Problem to work on:
No pictures belong in the copy. Reproduce exactly the lines beginning at the line containing "person [837,638,866,719]" and continuing to the end of the entries below.
*** Opening of Dataset records ***
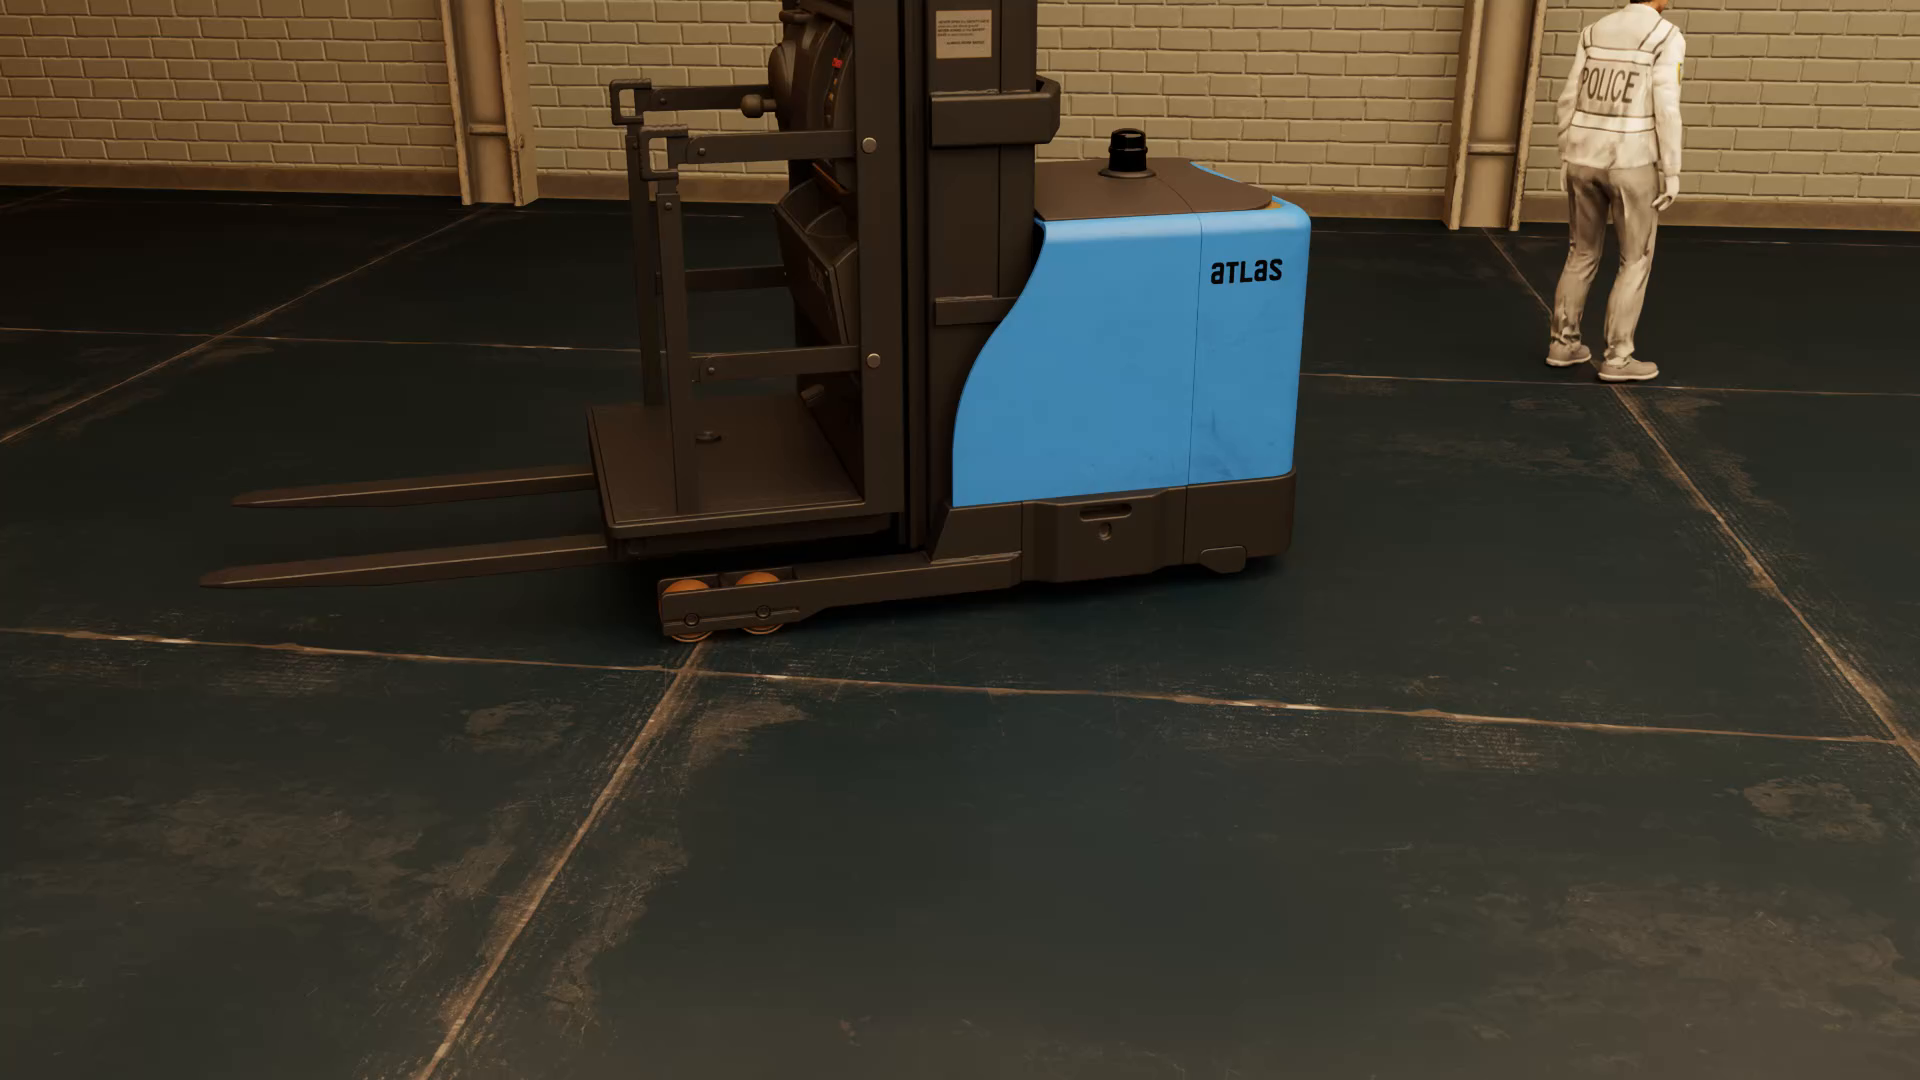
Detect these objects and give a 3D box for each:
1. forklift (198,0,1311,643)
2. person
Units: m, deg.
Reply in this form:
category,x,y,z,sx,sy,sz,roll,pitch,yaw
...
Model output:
category,x,y,z,sx,sy,sz,roll,pitch,yaw
forklift,-0.588,-1.301,4.485,3.031,2.935,1.130,-6,23,-14
person,2.617,-1.477,6.627,0.371,1.664,0.530,-15,26,-33
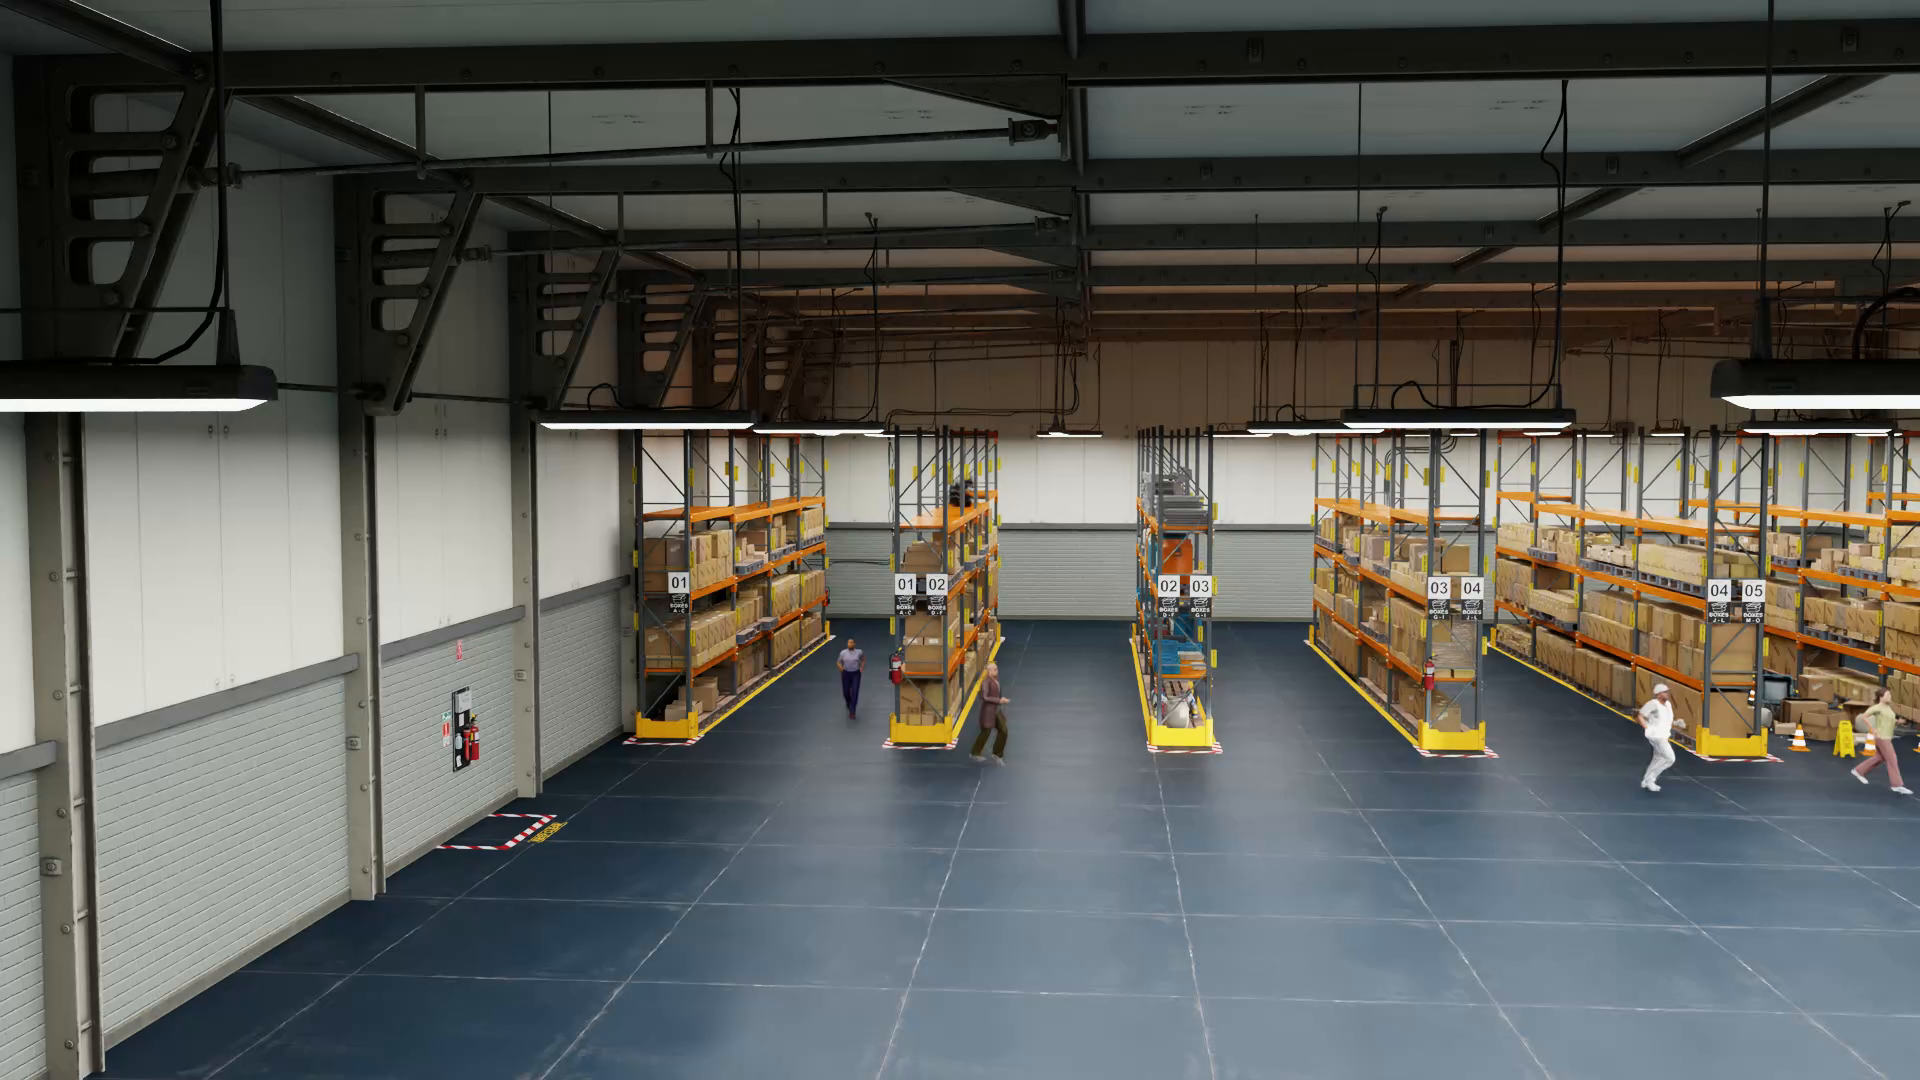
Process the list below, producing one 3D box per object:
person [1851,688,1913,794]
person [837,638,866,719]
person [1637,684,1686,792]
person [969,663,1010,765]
[{"bbox_3d":[15.012,3.234,27.049,0.573,1.660,0.967,-3,5,-42],"label":"person"},{"bbox_3d":[-2.251,2.841,34.487,0.607,1.640,0.849,0,3,-1],"label":"person"},{"bbox_3d":[11.429,3.213,27.034,0.644,1.755,0.655,3,5,44],"label":"person"},{"bbox_3d":[0.552,3.095,29.306,0.823,1.865,0.735,2,4,30],"label":"person"}]
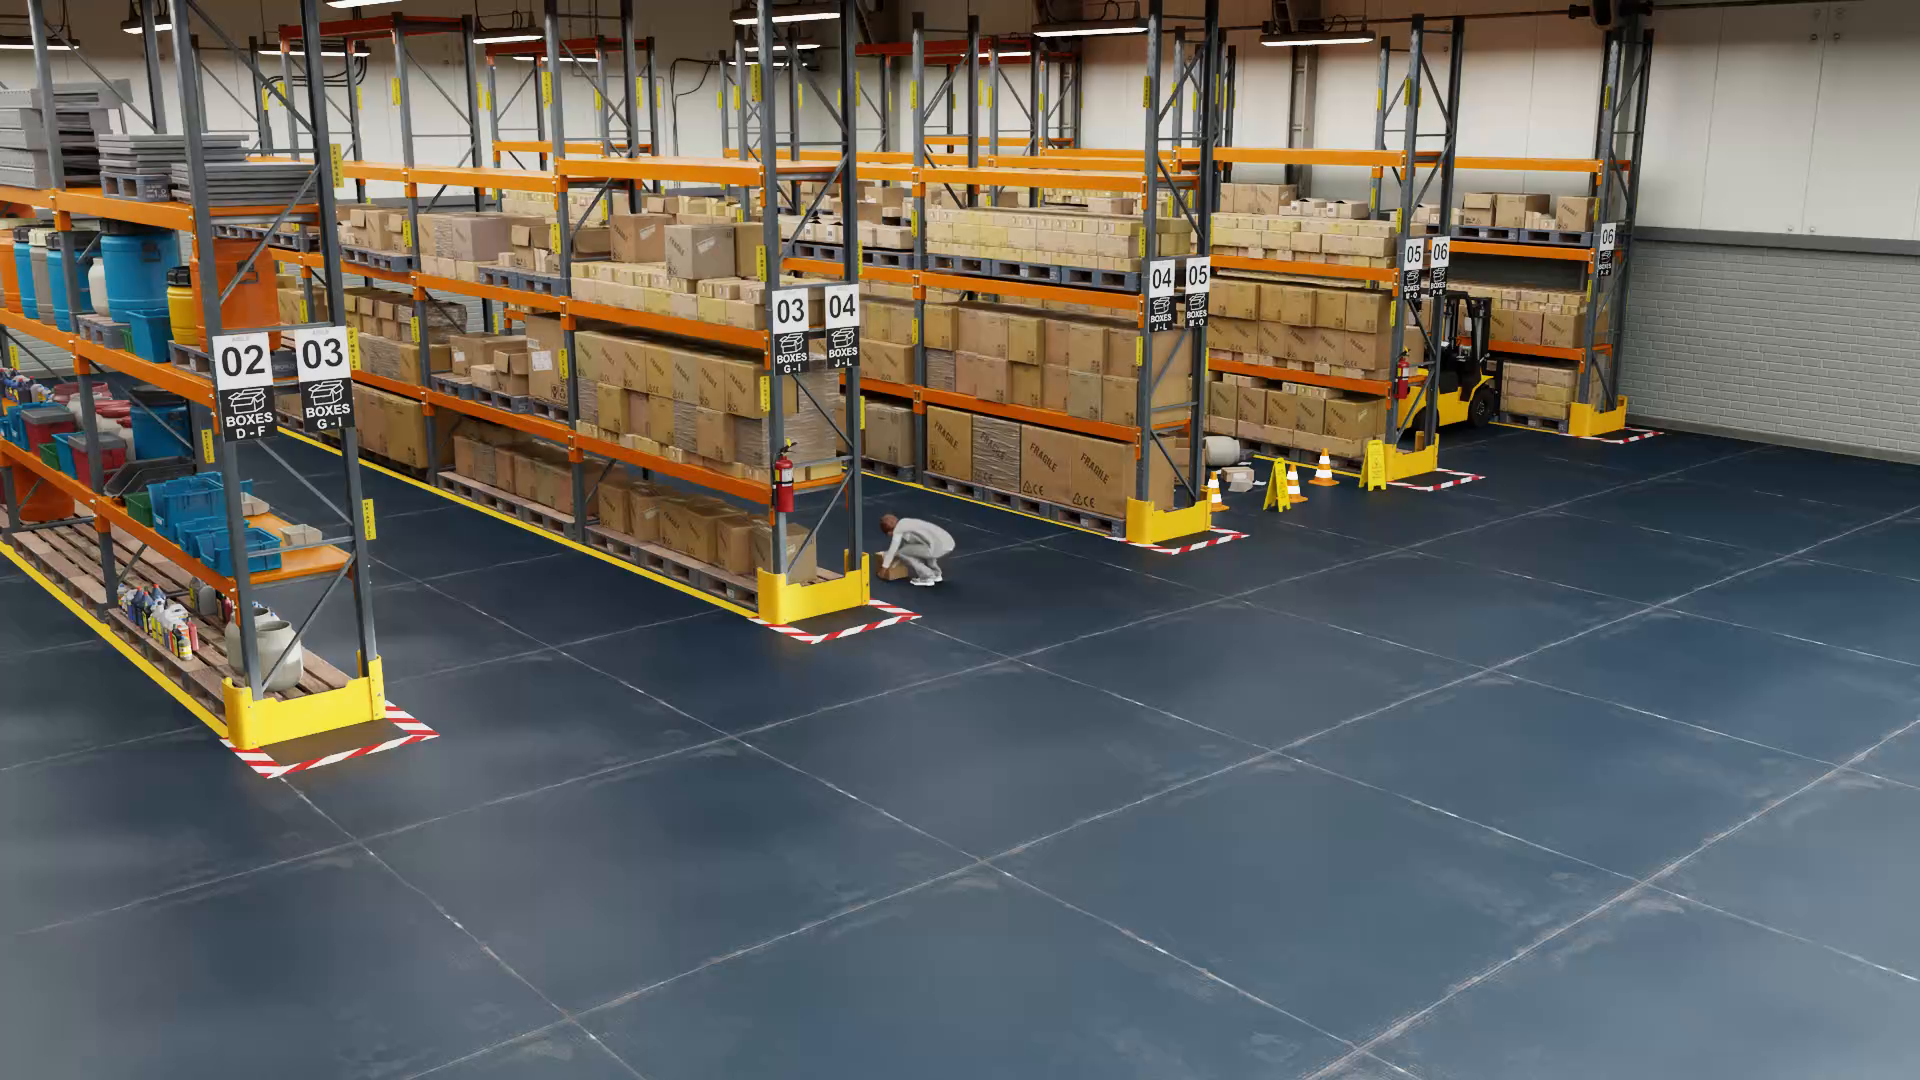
*** Close of Dataset records ***
Solution for this exercise:
person [837,638,866,719]
person [1637,684,1686,792]
person [969,663,1010,765]
[{"bbox_3d":[15.012,3.234,27.049,0.573,1.660,0.967,-3,5,-42],"label":"person"},{"bbox_3d":[-2.251,2.841,34.487,0.607,1.640,0.849,0,3,-1],"label":"person"},{"bbox_3d":[11.429,3.213,27.034,0.644,1.755,0.655,3,5,44],"label":"person"},{"bbox_3d":[0.552,3.095,29.306,0.823,1.865,0.735,2,4,30],"label":"person"}]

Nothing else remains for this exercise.